Malik Beasley is turning into a pretty nice shooting guard, decently filling in for the dearly missed Gary Harris. Unfortunately, Beasley’s videos don’t get me as many views as some certain other Nuggets players. He simply doesn’t have an entire European country full of Euros ardently backing him by obsessively watching his highlight videos. Those are just the facts of life.
So I’ve undertaken a new initiative, which is to get Serbians to adopt Beasley as an honorary Serbian. I might even go so far as to plead the Serbian government to grant him official citizenship. That way, Serbs will watch all of his highlight videos because he’s a Serb like them. Last season I started up a hashtag called #MalikBeasleyIsASerb (short, sweet, and descriptive, just how a hashtag should be) so that Serbs could be aware of this new effort of mine. It didn’t really catch on yet, but I’m sure it will.
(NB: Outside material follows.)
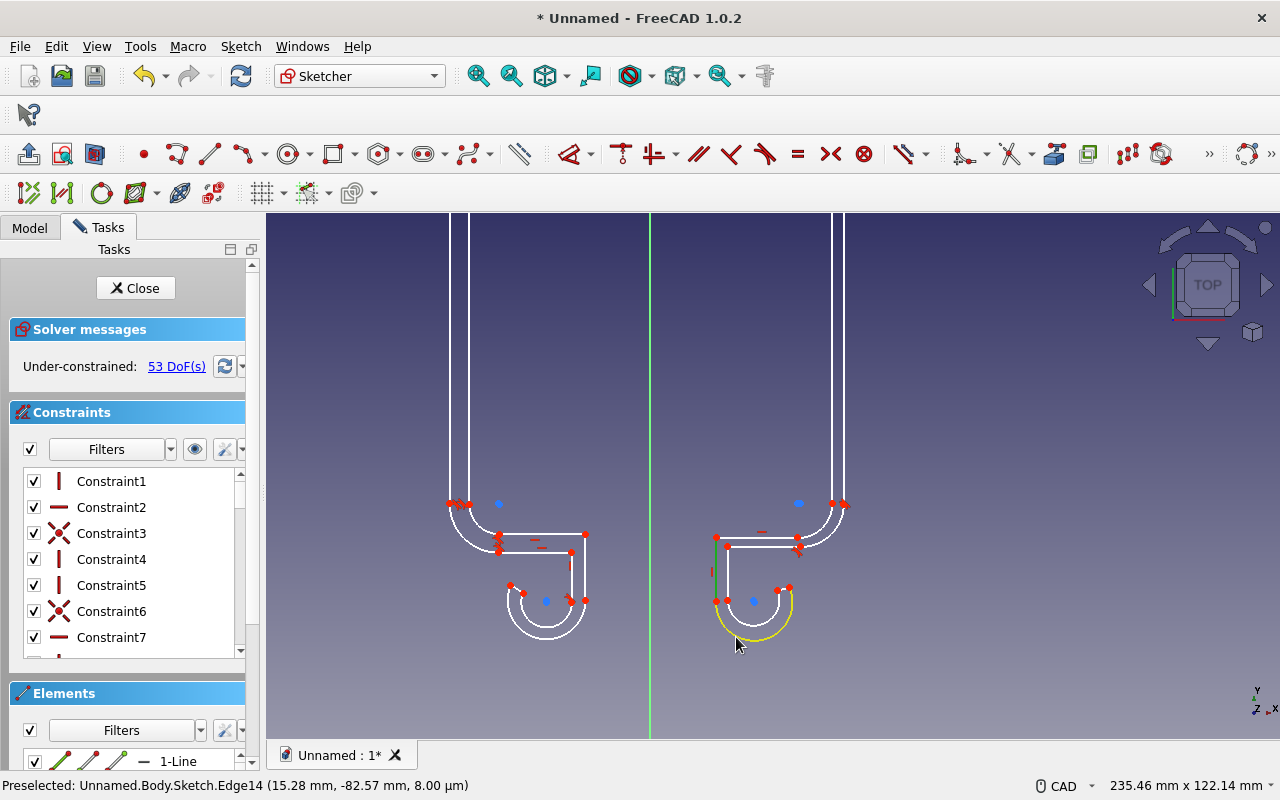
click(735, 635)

Serbs are good-hearted people and will glady make Beasley one of their own if it means that I get more people watching my videos.
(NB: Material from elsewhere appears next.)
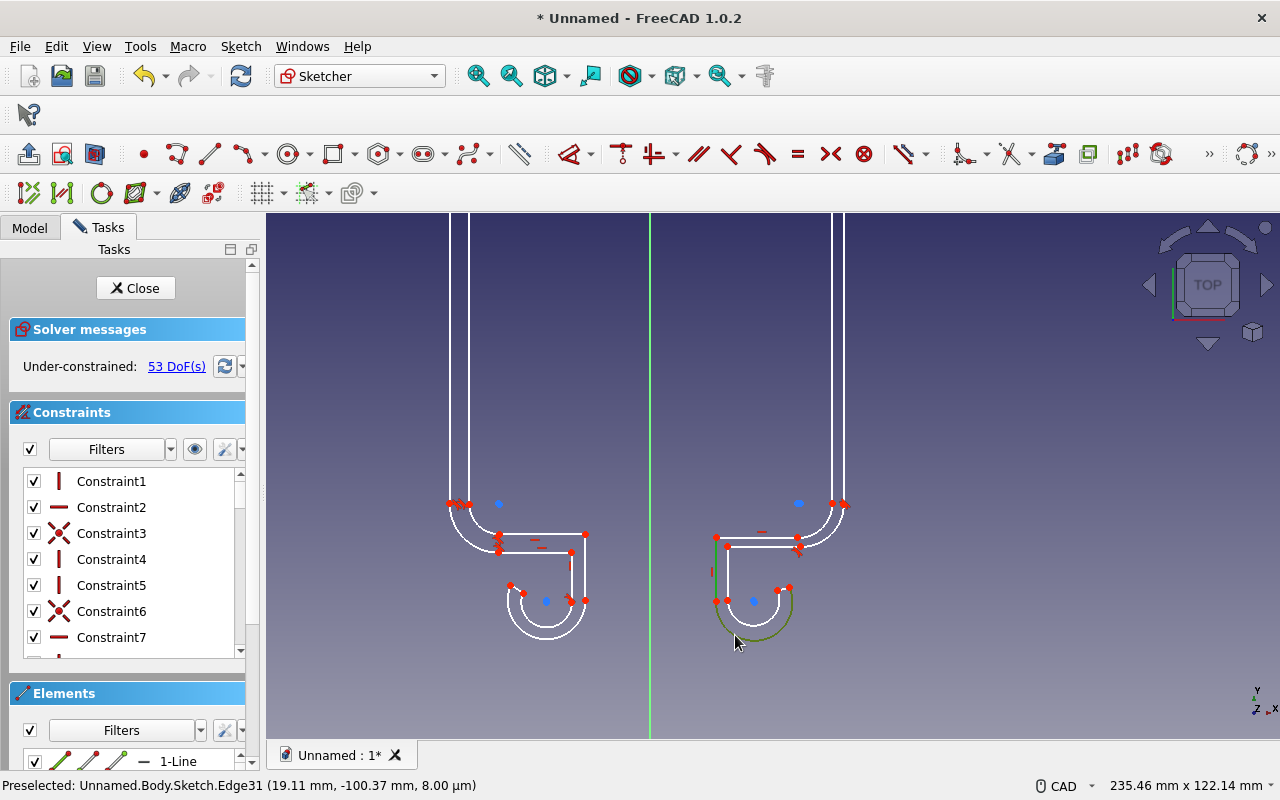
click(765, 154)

I also created a cryptocurrency, MalikSerbCoin, whose existence would raise awareness for my cause. It failed for a few reasons. 1.) I couldn’t find a Russian to code it for me, so I coded it myself despite not knowing anything about cryptography or blockchains. 2.) Worldwide confidence in crypto hit in all-time low right around the time of my ICO (initial coin offering). 3.) The Serbian government was supposed to make MalikSerbCoin their official currency, but they didn’t. 4.) The logo for the coin was just a picture of Malik’s head superimposed on a map of Serbia. Most cryptocoins have cool angular logos to make people buy them. 5.) “Mining” MalikSerbCoin wasn’t a computational process; all you had to do was add your name to a text-file ledger alongside how many coins you thought you should have.
So MalikSerbCoin didn’t quite work out, but that doesn’t mean Beasley can’t be a Serb. Because he totally can be. And he totally is.